China's premier Li Keqiang is traveling to Russia for a regular meeting of the two countries' heads of government. Since the visit was first announced in April, Russia's geopolitical and geo-economic situation has changed profoundly, making its relationship with Beijing even more important. While the presidents of the two countries deal with broader strategic issues, it has been up to Li and the Russian Prime Minister Dmitry Medvedev to fill the relationship with substantive economic content. [Special coverage]
In response to the Western sanctions imposed on Russia as a result of the Ukraine crisis, quite a few commentators have raised the idea of Russia pivoting away from Europe and the West toward Asia, particularly China. The spectacular gas deal signed during Russian President Vladimir Putin's trip to Shanghai in May 2014 was compared in its geopolitical significance with the Soviet-West Germany 1970 "gas for pipes" agreement which introduced Russian gas to Western Europe.
The short-lived refusal by Visa and MasterCard to service credit cards issued by a couple of sanctioned Russian banks has led the Russian government to decide on creating a national electronic payments system, similar to China's Union Pay. The near-impossibility for Russian companies to raise money in the West has evoked hopes that Hong Kong can replace London as the main financial center serving Russian needs. Present-day China is viewed in Moscow as a potential source of investment and even some advanced technologies.
China is a major economy refusing to follow the US' lead and impose sanctions against Russia. China is a market for Russian energy exports. Chinese investments in Russia can certainly grow from the current very low level, and China can provide Russia with some oil drilling equipment and infrastructure development, such as highways and high-speed rail connections. The two governments have agreed to raise the two-way trade volume from about $90 billion last year to $100 billion in 2015 and $200 billion by 2020. There are truly excellent prospects for Sino-Russian economic cooperation.
Yet, none of that will be easy, or happen automatically. The Chinese economy is slowing, which has also brought down the price of oil, a factor of central importance to Russia. Major Chinese banks, with their close links to the US financial market, are not willing to lend to those Russians who find themselves under Western sanctions. In any event, borrowing costs in China are significantly higher than in Europe. To implement the ambitious agenda for expanding economic ties, Chinese and Russian business leaders need to get to know the partner country so much better.

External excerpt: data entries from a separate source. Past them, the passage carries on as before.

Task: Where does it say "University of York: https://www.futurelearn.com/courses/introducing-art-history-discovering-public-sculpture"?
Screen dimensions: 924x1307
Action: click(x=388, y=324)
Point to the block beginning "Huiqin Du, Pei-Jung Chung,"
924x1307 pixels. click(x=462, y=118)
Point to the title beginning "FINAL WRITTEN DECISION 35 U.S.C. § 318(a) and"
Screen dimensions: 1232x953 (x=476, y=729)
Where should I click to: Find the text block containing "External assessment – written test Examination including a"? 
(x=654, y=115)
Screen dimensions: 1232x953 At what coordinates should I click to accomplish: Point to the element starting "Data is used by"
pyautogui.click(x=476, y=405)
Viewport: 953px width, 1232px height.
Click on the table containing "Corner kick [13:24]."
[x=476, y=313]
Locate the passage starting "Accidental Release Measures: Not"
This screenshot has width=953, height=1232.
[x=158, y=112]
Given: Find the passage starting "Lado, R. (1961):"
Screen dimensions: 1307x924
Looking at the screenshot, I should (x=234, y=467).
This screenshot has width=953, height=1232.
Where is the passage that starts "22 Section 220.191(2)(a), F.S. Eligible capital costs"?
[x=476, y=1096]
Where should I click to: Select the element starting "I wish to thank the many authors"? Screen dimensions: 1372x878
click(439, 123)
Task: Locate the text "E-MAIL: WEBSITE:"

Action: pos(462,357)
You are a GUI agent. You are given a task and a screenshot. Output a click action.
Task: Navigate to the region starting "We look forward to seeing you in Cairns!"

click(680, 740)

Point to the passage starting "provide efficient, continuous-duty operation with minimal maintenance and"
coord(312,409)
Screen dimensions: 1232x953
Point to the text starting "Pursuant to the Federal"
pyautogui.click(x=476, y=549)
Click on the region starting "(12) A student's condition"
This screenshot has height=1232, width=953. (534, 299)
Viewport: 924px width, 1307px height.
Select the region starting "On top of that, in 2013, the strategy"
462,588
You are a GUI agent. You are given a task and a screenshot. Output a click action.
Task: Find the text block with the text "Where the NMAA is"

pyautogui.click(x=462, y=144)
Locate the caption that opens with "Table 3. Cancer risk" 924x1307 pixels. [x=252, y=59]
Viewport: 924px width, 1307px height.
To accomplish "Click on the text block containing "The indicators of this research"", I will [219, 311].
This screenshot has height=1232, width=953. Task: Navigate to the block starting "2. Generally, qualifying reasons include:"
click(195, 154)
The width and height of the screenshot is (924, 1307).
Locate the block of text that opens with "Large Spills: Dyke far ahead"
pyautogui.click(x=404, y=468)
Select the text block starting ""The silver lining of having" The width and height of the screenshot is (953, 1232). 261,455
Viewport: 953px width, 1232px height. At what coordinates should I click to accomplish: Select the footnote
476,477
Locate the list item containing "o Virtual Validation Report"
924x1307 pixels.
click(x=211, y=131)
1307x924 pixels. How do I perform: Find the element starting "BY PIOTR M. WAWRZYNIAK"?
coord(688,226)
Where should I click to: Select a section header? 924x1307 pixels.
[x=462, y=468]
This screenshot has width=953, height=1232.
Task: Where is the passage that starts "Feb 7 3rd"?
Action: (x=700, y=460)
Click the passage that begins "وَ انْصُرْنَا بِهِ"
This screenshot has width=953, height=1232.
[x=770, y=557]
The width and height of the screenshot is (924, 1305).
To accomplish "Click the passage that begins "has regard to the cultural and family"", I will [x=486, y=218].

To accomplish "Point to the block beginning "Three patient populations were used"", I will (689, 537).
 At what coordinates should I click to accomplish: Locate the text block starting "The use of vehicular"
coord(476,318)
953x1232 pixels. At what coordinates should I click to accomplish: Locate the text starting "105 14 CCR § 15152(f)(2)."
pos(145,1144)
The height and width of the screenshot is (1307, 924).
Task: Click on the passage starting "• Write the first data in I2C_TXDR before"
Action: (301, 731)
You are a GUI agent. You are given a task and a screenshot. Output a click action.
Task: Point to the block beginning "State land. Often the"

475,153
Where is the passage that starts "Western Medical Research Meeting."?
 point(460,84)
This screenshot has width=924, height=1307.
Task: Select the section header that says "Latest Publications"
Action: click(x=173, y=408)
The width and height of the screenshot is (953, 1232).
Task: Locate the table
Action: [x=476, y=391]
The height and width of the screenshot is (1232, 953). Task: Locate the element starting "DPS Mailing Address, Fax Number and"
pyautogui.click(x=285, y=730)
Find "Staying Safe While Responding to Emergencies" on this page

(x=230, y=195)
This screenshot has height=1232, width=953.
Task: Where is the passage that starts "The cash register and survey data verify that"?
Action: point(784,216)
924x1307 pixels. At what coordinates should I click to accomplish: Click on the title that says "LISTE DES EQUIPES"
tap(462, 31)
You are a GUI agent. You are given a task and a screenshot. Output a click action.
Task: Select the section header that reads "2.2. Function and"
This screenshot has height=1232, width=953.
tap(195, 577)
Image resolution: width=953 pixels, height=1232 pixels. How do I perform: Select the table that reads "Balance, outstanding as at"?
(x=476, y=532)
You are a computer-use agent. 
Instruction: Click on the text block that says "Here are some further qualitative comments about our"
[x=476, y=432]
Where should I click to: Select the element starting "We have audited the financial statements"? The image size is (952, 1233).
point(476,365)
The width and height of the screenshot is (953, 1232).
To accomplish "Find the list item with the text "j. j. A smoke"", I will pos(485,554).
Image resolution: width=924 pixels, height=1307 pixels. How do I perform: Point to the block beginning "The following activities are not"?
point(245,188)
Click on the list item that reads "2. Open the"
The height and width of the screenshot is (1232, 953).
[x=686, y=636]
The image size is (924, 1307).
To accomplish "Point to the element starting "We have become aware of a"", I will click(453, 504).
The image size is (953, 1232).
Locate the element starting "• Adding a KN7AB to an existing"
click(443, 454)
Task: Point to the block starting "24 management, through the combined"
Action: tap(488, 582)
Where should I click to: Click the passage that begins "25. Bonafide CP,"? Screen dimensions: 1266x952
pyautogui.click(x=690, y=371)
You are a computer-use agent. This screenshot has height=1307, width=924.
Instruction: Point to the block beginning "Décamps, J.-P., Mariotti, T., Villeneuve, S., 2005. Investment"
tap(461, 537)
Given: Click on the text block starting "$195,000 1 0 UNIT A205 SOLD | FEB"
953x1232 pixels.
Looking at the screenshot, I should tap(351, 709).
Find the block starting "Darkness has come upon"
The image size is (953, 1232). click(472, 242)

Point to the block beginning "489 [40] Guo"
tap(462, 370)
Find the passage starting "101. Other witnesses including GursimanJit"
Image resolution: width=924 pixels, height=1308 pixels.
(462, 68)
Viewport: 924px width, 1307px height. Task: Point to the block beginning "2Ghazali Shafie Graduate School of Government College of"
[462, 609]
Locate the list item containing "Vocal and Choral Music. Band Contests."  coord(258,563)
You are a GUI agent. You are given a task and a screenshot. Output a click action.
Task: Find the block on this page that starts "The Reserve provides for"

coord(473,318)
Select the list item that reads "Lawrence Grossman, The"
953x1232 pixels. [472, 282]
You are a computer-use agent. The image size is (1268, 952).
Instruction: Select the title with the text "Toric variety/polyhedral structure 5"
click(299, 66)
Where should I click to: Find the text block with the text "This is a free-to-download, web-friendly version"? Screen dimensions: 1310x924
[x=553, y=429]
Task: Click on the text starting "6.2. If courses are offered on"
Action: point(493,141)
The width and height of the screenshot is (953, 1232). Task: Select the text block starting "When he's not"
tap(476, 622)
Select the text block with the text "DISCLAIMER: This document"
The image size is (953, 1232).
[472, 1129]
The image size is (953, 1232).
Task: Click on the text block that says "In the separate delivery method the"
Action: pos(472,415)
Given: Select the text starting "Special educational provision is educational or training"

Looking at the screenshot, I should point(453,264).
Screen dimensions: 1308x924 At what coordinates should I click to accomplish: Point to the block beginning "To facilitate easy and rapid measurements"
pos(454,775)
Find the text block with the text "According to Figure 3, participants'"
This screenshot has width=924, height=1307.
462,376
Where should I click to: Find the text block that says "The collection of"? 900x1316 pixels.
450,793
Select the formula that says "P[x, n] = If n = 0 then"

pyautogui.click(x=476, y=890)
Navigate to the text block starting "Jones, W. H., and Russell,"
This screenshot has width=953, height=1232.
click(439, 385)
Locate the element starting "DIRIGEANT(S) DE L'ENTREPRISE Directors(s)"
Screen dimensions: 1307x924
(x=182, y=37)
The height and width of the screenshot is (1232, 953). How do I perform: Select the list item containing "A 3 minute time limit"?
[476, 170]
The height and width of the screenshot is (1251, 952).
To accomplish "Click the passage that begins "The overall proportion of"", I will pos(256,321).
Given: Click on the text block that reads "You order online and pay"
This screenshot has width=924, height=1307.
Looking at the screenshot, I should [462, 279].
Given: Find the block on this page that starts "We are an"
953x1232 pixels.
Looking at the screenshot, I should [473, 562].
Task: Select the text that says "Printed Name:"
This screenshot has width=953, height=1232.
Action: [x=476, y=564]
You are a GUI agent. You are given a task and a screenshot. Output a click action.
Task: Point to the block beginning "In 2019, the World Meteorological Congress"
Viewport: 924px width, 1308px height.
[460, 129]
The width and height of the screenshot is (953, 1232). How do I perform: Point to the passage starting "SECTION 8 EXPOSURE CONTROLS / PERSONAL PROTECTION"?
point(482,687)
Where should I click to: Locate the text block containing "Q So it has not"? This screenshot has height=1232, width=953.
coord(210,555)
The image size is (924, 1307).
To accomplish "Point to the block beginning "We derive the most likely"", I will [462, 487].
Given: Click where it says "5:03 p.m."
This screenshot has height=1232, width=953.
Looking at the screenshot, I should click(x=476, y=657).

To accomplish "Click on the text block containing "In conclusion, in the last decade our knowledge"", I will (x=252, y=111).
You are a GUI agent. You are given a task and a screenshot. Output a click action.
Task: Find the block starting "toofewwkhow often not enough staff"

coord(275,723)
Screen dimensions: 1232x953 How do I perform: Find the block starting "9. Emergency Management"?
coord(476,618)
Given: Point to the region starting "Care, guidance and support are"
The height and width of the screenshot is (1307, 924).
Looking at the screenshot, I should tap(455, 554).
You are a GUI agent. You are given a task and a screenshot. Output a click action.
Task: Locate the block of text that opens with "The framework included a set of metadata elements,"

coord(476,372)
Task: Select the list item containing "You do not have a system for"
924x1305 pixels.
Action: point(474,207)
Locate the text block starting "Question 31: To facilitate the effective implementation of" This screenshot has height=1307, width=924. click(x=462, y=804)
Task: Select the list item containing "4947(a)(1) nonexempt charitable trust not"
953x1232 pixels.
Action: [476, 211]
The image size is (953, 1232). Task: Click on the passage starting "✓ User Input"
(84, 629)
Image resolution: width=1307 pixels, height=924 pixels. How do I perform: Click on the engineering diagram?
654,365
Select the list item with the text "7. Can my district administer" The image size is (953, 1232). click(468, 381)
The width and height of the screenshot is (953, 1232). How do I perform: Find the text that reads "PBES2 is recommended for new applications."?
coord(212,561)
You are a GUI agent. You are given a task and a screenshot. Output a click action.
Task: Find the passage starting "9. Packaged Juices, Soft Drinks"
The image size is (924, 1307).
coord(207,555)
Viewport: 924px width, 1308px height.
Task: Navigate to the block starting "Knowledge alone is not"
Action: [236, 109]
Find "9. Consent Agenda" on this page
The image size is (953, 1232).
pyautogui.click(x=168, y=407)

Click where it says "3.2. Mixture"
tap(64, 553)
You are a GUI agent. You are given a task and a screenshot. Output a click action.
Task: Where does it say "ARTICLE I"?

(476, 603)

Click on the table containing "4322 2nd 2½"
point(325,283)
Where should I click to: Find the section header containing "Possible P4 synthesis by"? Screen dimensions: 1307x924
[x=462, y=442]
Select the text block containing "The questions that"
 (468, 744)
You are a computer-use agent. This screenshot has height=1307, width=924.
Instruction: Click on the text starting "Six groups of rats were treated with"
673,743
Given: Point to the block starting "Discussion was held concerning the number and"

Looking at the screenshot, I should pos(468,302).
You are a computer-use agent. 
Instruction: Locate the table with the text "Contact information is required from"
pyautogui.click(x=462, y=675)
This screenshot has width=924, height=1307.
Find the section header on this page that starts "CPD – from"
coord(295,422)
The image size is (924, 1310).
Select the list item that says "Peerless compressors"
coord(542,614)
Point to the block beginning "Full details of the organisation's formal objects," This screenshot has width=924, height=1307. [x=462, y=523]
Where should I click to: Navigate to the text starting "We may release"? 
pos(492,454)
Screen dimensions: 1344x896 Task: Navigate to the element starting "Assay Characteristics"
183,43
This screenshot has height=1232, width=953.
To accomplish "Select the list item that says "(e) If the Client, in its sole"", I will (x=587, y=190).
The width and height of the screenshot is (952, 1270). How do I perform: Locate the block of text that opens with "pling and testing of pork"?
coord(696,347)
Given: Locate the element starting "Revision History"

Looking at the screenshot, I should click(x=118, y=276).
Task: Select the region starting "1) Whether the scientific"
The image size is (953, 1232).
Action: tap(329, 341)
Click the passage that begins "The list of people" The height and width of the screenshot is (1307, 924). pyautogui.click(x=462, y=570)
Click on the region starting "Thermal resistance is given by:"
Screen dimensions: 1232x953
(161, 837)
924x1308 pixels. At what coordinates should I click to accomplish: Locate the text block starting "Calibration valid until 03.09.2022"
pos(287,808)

Russians need to do a thorough research of the opportunities that exist in the Chinese market. They need to better understand the Chinese culture, and not only that of business operations. They need to raise a cohort of modern China experts, well-versed in the language and the ways of the land. This will probably require many years of a sustained and purposeful effort, which will not pay off immediately. High-level meetings are vital to create momentum and sustain it, but the going itself will have to be the work of the two peoples.
The China connection will not turn Russia into an Asian country. It will remain what it has always been: an Eastern European civilization, spanning northern Eurasia from the Baltic to the Pacific. The present crisis in Russia's relations with the West will eventually be resolved, and a new equilibrium in relations will be created, depending on the outcome of the current rivalry. In any event, Russia will doubtless maintain close economic, but also cultural ties with the European Union. Even though China, since 2009, has been Russia's leading trading partner, the combined trade between Russia and the EU is several times bigger than the Sino-Russian exchanges.
Rather than "replacing" Europe with China in its foreign policy universe, Russia would be wise to develop its relations with China closer to the level of the very thick ties which link it to its European neighbors. If the Western sanctions help Russians to take a closer look at China, and to see opportunities in the east, it will be one good thing that they will have accomplished.
The author, Dmitri Trenin, is director of the Carnegie Moscow Center.